'Don't vote for that party': Mexican president slams Texas migrant policy
MEXICO CITY, July 8 (Reuters) - Mexico's president on Friday attacked the governor of Texas' latest steps to crack down on unauthorized migration, saying he would urge voters of Mexican origin in the United States not to vote for "anti-immigrant" candidates.
On Thursday, Texas Governor Greg Abbott said he had authorized the National Guard and state authorities to "apprehend" migrants and transport them to ports of entry on the border with Mexico.
President Andres Manuel Lopez Obrador said the "immoral" policy was intended to attract support ahead of Texas' November election, in which Abbott, a Republican, is running for re-election.
"If there's a candidate from a party that mistreats immigrants and Mexicans, we're going to ask our countrymen there that they don't vote for that candidate or party," Lopez Obrador told reporters at a regular morning news conference.

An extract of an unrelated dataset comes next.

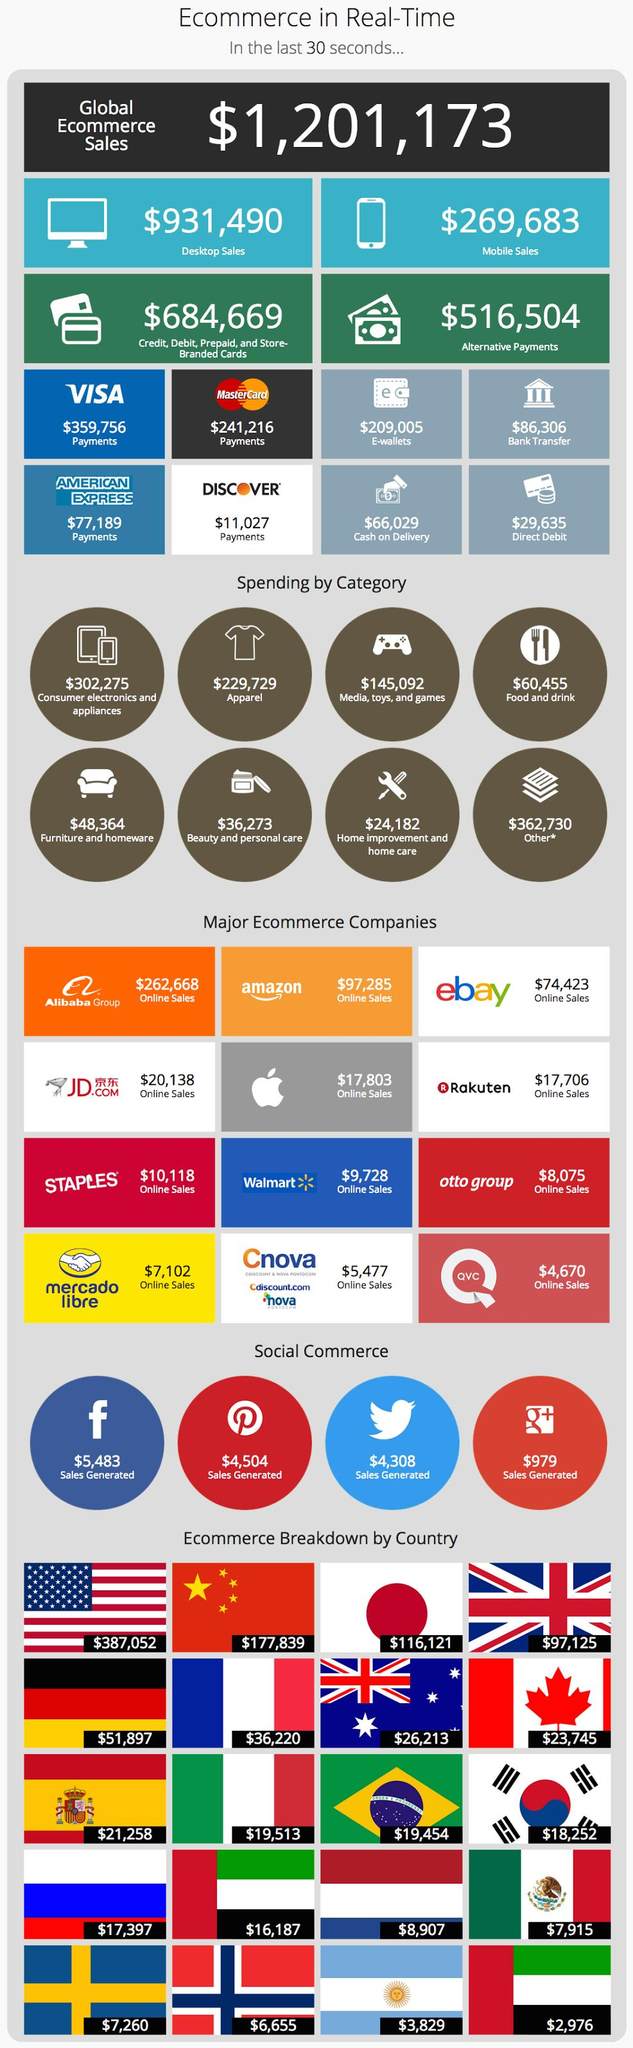Specify some key components in this picture. According to the infographics, the e-commerce value of the United States is approximately $387,052. The number of flags displayed is 20.. The combined sales generated through Twitter and Google Plus were $5,287. Facebook generated $5,483 in sales.

Border patrol in the United States falls under federal jurisdiction, and Abbott's order is the latest in a showdown with Democratic President Joe Biden's administration over migration.
Abbott's office, the U.S. Department of Homeland Security (DHS) and Customs and Border Protection, which DHS oversees, did not respond to requests for comment on Abbott's announcement. The U.S. National Guard referred questions to the Texas National Guard, which did not immediately respond to a request for comment.

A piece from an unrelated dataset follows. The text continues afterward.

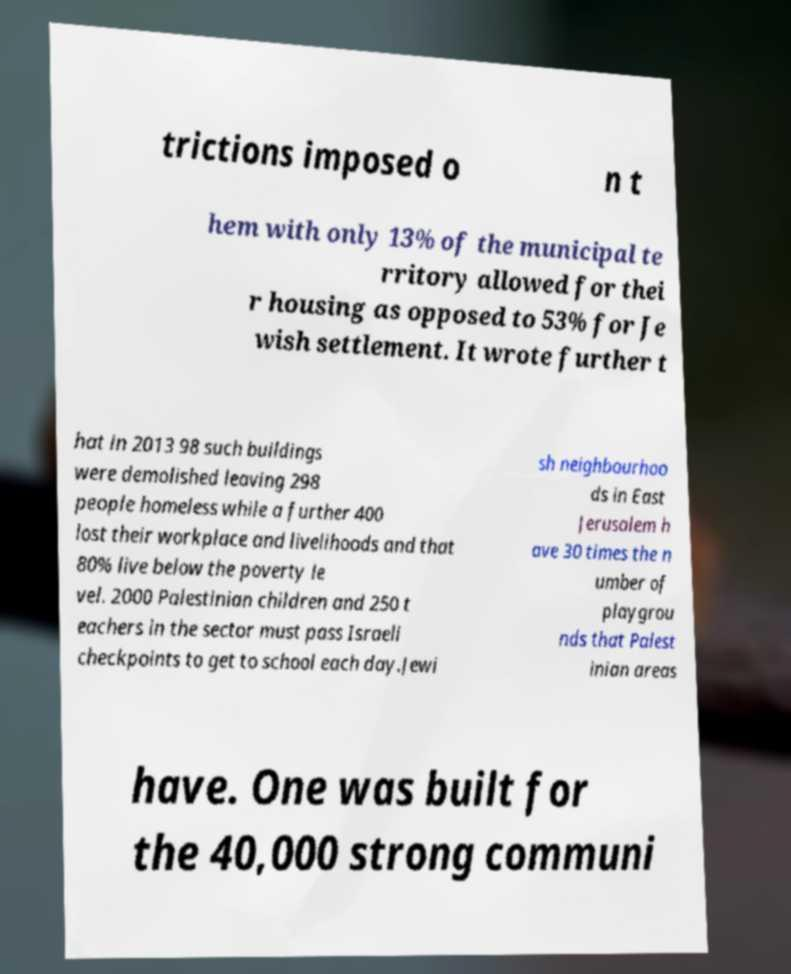Could you extract and type out the text from this image? trictions imposed o n t hem with only 13% of the municipal te rritory allowed for thei r housing as opposed to 53% for Je wish settlement. It wrote further t hat in 2013 98 such buildings were demolished leaving 298 people homeless while a further 400 lost their workplace and livelihoods and that 80% live below the poverty le vel. 2000 Palestinian children and 250 t eachers in the sector must pass Israeli checkpoints to get to school each day.Jewi sh neighbourhoo ds in East Jerusalem h ave 30 times the n umber of playgrou nds that Palest inian areas have. One was built for the 40,000 strong communi

Lopez Obrador, who will travel to the United States to meet with Biden on Tuesday, said Abbott was overstepping his authority and expressed the view that he was "absolutely sure" the U.S. president would not approve of the Texan policy.
Undocumented immigration at the U.S.-Mexico border has been an increasingly politicized issue in bilateral relations, particularly among Republicans since former President Donald Trump's 2015-2016 successful election campaign.
Trump caused widespread outrage in Mexico by describing migrants crossing the border as rapists and drug dealers, and Mexican officials are wary about the prospect of advances made by the Republicans in November's midterm elections.